How to take the perfect photo for your online dating profile

Online dating
Photo by Vectorfusionart/Shutterstock.com

The rise of online dating has opened up a new world of opportunity for singles, but it has also introduced a whole new set of questions. What is the best way to represent yourself? How personal should you get on your profile? And most importantly of all, what photo should you use?

According to research from online dating sites, your photos are the most important part of your profile. On the popular dating site eHarmony, people with photos are nine times as likely to receive messages, and people with four or more photos receive the most messages. Your photo communicates valuable information—not just about what you look like, but about your personality and what you’re interested in. It’s key, then, to have a photo that will represent you well and accurately. While there is no one-size-fits-all advice for profile photos (after all, everyone is attracted to different things), there are some general guidelines that can help you make a good impression. Here are some of the best tips we dug up.

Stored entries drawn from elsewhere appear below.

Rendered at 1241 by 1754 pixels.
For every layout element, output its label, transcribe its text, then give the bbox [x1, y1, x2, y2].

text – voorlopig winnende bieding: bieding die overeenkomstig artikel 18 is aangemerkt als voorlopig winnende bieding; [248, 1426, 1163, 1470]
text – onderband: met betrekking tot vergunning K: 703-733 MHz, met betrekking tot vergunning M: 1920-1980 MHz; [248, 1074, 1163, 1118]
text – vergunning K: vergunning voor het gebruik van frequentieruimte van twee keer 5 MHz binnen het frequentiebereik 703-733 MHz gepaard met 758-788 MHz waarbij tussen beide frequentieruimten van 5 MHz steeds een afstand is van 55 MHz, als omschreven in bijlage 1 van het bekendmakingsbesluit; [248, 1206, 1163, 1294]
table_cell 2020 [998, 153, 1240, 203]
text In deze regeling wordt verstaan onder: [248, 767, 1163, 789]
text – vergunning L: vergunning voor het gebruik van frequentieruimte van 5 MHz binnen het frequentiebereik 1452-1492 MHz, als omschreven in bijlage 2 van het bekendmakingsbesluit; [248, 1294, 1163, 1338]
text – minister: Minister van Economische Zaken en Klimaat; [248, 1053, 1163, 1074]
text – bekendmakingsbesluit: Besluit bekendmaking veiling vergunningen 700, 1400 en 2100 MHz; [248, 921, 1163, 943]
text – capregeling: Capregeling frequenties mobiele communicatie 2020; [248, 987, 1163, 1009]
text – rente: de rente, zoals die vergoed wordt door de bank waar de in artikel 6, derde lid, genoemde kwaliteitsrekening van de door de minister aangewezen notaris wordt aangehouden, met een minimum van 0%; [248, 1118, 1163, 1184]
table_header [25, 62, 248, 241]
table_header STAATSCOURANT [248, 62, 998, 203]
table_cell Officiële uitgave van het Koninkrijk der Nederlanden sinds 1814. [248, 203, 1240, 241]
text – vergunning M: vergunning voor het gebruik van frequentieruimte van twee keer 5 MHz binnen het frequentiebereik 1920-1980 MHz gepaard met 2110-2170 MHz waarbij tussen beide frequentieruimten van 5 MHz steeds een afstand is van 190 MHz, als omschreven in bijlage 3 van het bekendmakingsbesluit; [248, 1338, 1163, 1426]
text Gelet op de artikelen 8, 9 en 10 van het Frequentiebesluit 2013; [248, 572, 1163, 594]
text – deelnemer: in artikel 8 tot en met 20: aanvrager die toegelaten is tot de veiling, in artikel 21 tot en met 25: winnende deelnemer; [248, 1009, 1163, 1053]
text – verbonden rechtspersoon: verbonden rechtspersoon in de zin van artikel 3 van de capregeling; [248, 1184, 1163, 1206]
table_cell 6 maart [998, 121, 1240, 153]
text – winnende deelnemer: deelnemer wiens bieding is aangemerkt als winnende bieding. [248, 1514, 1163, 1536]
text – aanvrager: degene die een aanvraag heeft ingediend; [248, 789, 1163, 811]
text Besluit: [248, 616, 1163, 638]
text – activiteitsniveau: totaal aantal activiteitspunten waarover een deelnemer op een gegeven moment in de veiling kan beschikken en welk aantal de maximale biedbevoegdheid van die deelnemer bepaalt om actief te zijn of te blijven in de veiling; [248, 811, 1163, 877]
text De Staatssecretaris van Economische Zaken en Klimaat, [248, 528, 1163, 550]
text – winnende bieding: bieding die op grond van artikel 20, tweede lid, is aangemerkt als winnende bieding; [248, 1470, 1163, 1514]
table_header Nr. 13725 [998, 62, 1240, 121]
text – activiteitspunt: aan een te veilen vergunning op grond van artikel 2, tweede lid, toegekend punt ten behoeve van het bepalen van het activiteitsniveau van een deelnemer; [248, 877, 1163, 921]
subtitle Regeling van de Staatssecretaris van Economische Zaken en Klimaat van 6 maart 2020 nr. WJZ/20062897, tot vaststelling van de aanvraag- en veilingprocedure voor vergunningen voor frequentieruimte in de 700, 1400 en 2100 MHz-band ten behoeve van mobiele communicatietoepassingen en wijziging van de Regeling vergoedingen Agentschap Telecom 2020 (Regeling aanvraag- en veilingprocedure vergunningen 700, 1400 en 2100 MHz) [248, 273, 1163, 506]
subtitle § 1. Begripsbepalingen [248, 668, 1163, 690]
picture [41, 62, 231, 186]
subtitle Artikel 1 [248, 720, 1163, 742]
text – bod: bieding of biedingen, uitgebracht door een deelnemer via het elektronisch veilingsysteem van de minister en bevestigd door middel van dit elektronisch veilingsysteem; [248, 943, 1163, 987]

Use a wide, mid-range photo

Wide photos tend to get the most attention, according to eHarmony’s statistics. While this might not seem logical at first, take a look at your Facebook and check out the landscape photos of yourself. Odds are, in a landscape photo, you’re engaged in an activity or you’re in an interesting place—after all, there must be a reason that the photographer chose to go with the wide angle. Photos that show you being engaged with your surroundings show viewers more of your personality. Close-up, cropped pictures are awkward and give the impression that you’ve just cut yourself out of a bigger picture. Remember, people on dating sites go into your profile knowing nothing about you, so it’s a good idea to give them as much context as you can, as quickly as possible.

Use a high-quality, well-lit photo (preferably taken by someone else)

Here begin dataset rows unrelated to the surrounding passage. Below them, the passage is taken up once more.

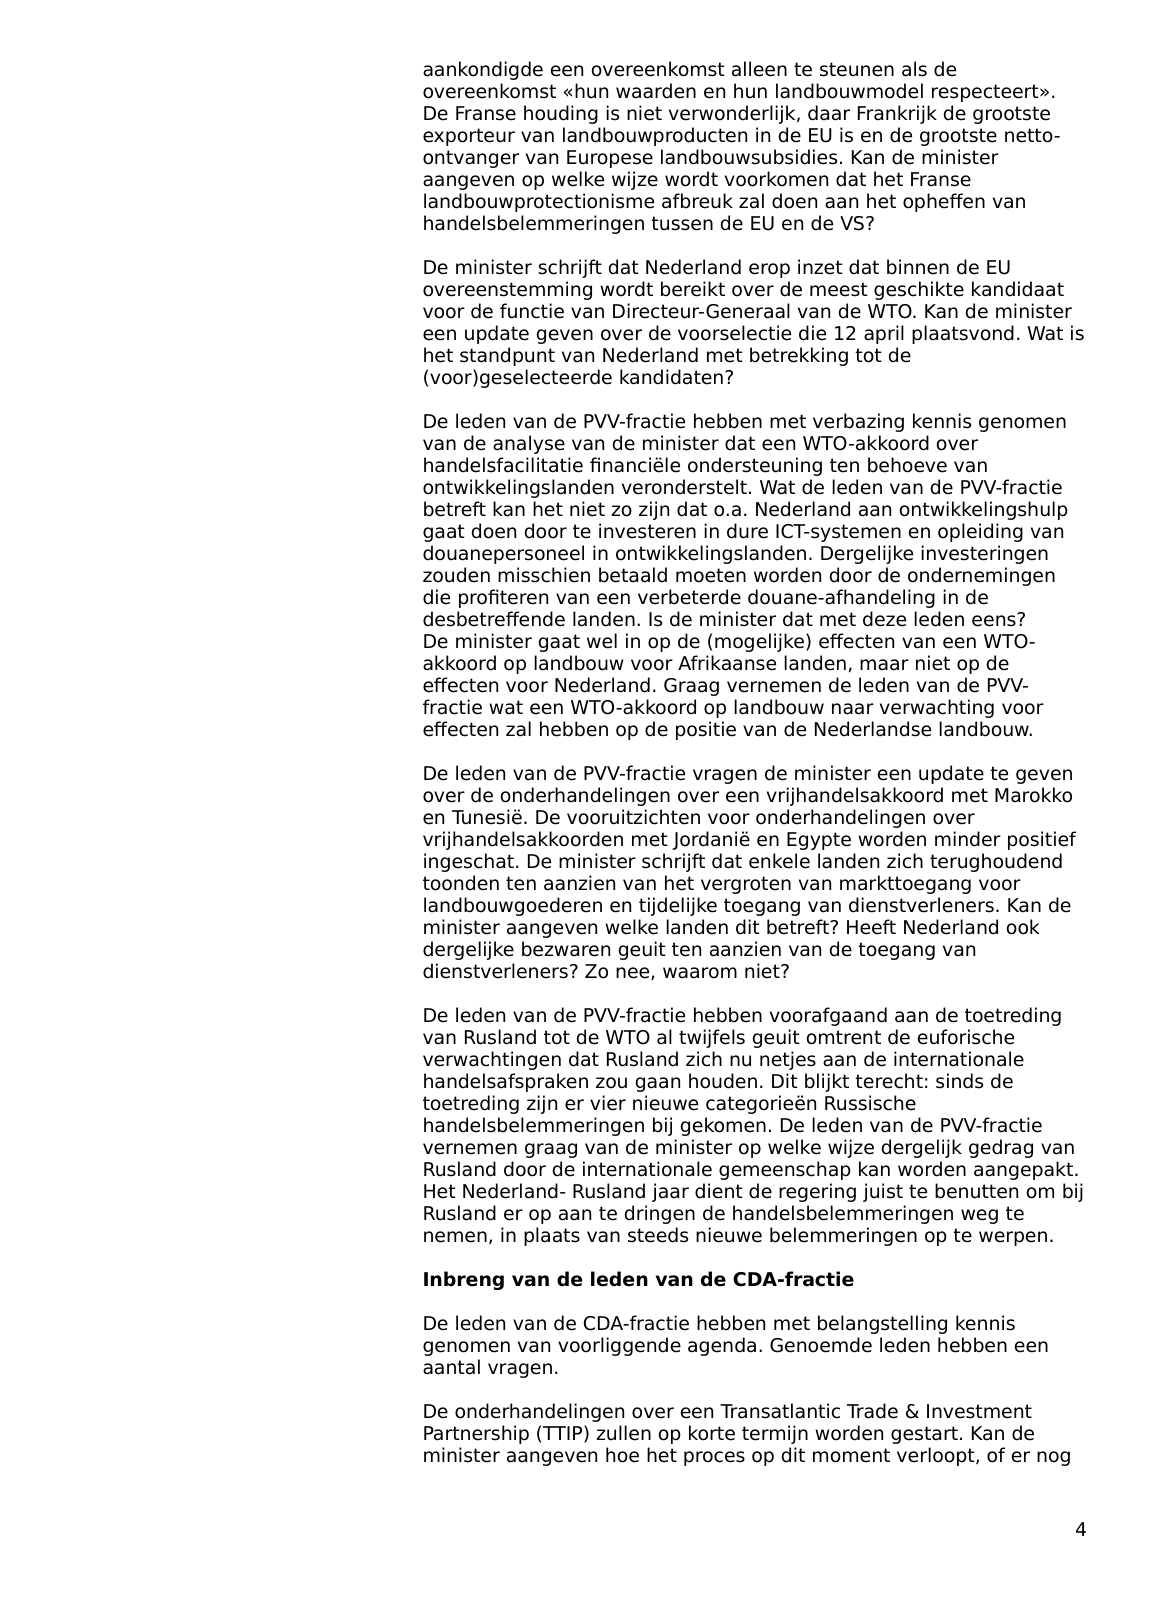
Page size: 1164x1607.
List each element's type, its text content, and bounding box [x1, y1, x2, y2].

text De leden van de PVV-fractie vragen de minister een update te geven over de onderhandelingen over een vrijhandelsakkoord met Marokko en Tunesië. De vooruitzichten voor onderhandelingen over vrijhandelsakkoorden met Jordanië en Egypte worden minder positief ingeschat. De minister schrijft dat enkele landen zich terughoudend toonden ten aanzien van het vergroten van markttoegang voor landbouwgoederen en tijdelijke toegang van dienstverleners. Kan de minister aangeven welke landen dit betreft? Heeft Nederland ook dergelijke bezwaren geuit ten aanzien van de toegang van dienstverleners? Zo nee, waarom niet? [422, 763, 1087, 983]
text aankondigde een overeenkomst alleen te steunen als de overeenkomst «hun waarden en hun landbouwmodel respecteert». De Franse houding is niet verwonderlijk, daar Frankrijk de grootste exporteur van landbouwproducten in de EU is en de grootste netto-ontvanger van Europese landbouwsubsidies. Kan de minister aangeven op welke wijze wordt voorkomen dat het Franse landbouwprotectionisme afbreuk zal doen aan het opheffen van handelsbelemmeringen tussen de EU en de VS? [422, 59, 1087, 235]
text De onderhandelingen over een Transatlantic Trade & Investment Partnership (TTIP) zullen op korte termijn worden gestart. Kan de minister aangeven hoe het proces op dit moment verloopt, of er nog [422, 1401, 1087, 1467]
text De minister gaat wel in op de (mogelijke) effecten van een WTO-akkoord op landbouw voor Afrikaanse landen, maar niet op de effecten voor Nederland. Graag vernemen de leden van de PVV-fractie wat een WTO-akkoord op landbouw naar verwachting voor effecten zal hebben op de positie van de Nederlandse landbouw. [422, 631, 1087, 741]
text De minister schrijft dat Nederland erop inzet dat binnen de EU overeenstemming wordt bereikt over de meest geschikte kandidaat voor de functie van Directeur-Generaal van de WTO. Kan de minister een update geven over de voorselectie die 12 april plaatsvond. Wat is het standpunt van Nederland met betrekking tot de (voor)geselecteerde kandidaten? [422, 257, 1087, 389]
text De leden van de PVV-fractie hebben voorafgaand aan de toetreding van Rusland tot de WTO al twijfels geuit omtrent de euforische verwachtingen dat Rusland zich nu netjes aan de internationale handelsafspraken zou gaan houden. Dit blijkt terecht: sinds de toetreding zijn er vier nieuwe categorieën Russische handelsbelemmeringen bij gekomen. De leden van de PVV-fractie vernemen graag van de minister op welke wijze dergelijk gedrag van Rusland door de internationale gemeenschap kan worden aangepakt. Het Nederland- Rusland jaar dient de regering juist te benutten om bij Rusland er op aan te dringen de handelsbelemmeringen weg te nemen, in plaats van steeds nieuwe belemmeringen op te werpen. [422, 1005, 1087, 1247]
text De leden van de CDA-fractie hebben met belangstelling kennis genomen van voorliggende agenda. Genoemde leden hebben een aantal vragen. [422, 1313, 1087, 1379]
subtitle Inbreng van de leden van de CDA-fractie [422, 1269, 1087, 1291]
text De leden van de PVV-fractie hebben met verbazing kennis genomen van de analyse van de minister dat een WTO-akkoord over handelsfacilitatie financiële ondersteuning ten behoeve van ontwikkelingslanden veronderstelt. Wat de leden van de PVV-fractie betreft kan het niet zo zijn dat o.a. Nederland aan ontwikkelingshulp gaat doen door te investeren in dure ICT-systemen en opleiding van douanepersoneel in ontwikkelingslanden. Dergelijke investeringen zouden misschien betaald moeten worden door de ondernemingen die profiteren van een verbeterde douane-afhandeling in de desbetreffende landen. Is de minister dat met deze leden eens? [422, 411, 1087, 631]

Selfies actually don’t fare too badly on online dating sites, but if you have a DSLR and a friend with a good eye, this might be the time to enlist their help. As stated previously, close-ups that don’t show anything but your face don’t tend to do as well as dynamic, full-body photos, and to get one of those, you probably need a friend’s help. Lighting is also key—just think of how much better you look in natural light than under fluorescent tubes—so, if possible, get outside and take advantage of the sun. And of course, make sure your photo is at a quality fit for internet (at least 72 pixels per inch). Grainy, pixelated images equal online dating doom.

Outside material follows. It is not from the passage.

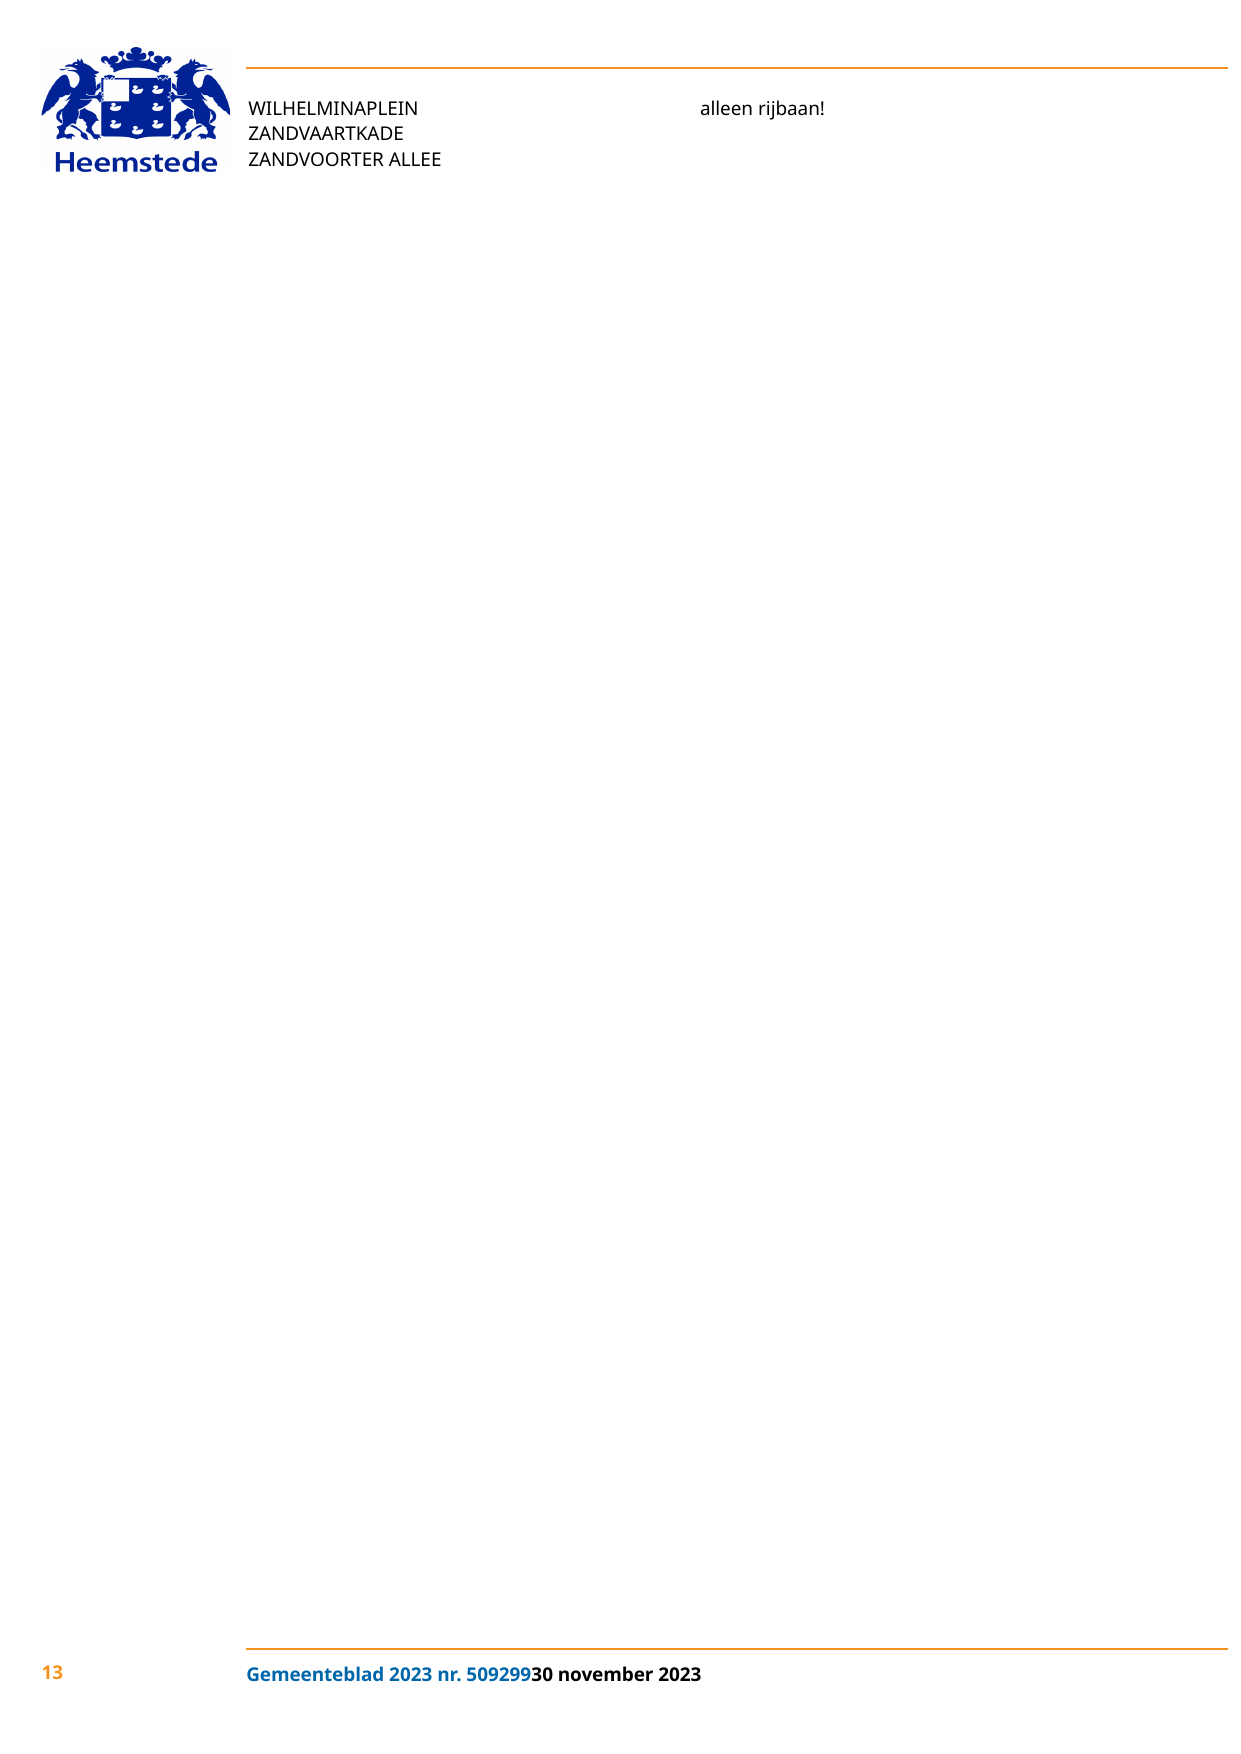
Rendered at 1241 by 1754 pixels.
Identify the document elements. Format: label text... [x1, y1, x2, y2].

Don’t touch it up too much 

While some light filtering and touching up can make your photo pop, too much editing detracts from the feeling of authenticity. According to Smithsonian Magazine, when men saw touched up photographs of women, they deemed them “less trustworthy,” possibly because of the suspicion that they were being “catfished” (that is, lured in with a fake photo). Of course the most important reason to avoid too much Photoshop is that it misrepresents you. After all, the goal of online dating is to get offline, and it’s best to create an honest representation of yourself before you meet in real life. So make sure you’re getting interest from people who are interested in you as you are. Those are the people you will be happiest dating, guaranteed.

Smile—if you feel like it

A dating profile is a place to show different facets of yourself. If you’re a friendly, happy person, a smile will go a long way. If you’re feeling more mysterious, then using a photo where you’re not smiling or looking away isn’t such a bad idea. It’s probably best to have an expression of some sort (the blank stare isn’t a good look for most of us), but it’s up to you to decide what sort of attitude you feel like putting out there.

Look to the right 

We believe firmly in representing yourself accurately, but that doesn’t mean you shouldn’t try to look like your best self in your photo. And, according to research, looking your best often means looking to the right—that is, showing the left side of your face. According to a study in Experimental Brain Research, the left side of your face exhibits more emotion, which makes it more pleasant to viewers. Of course, many people may have their own preferences about which side is their best, and that’s ok. But when in doubt, angle to the right.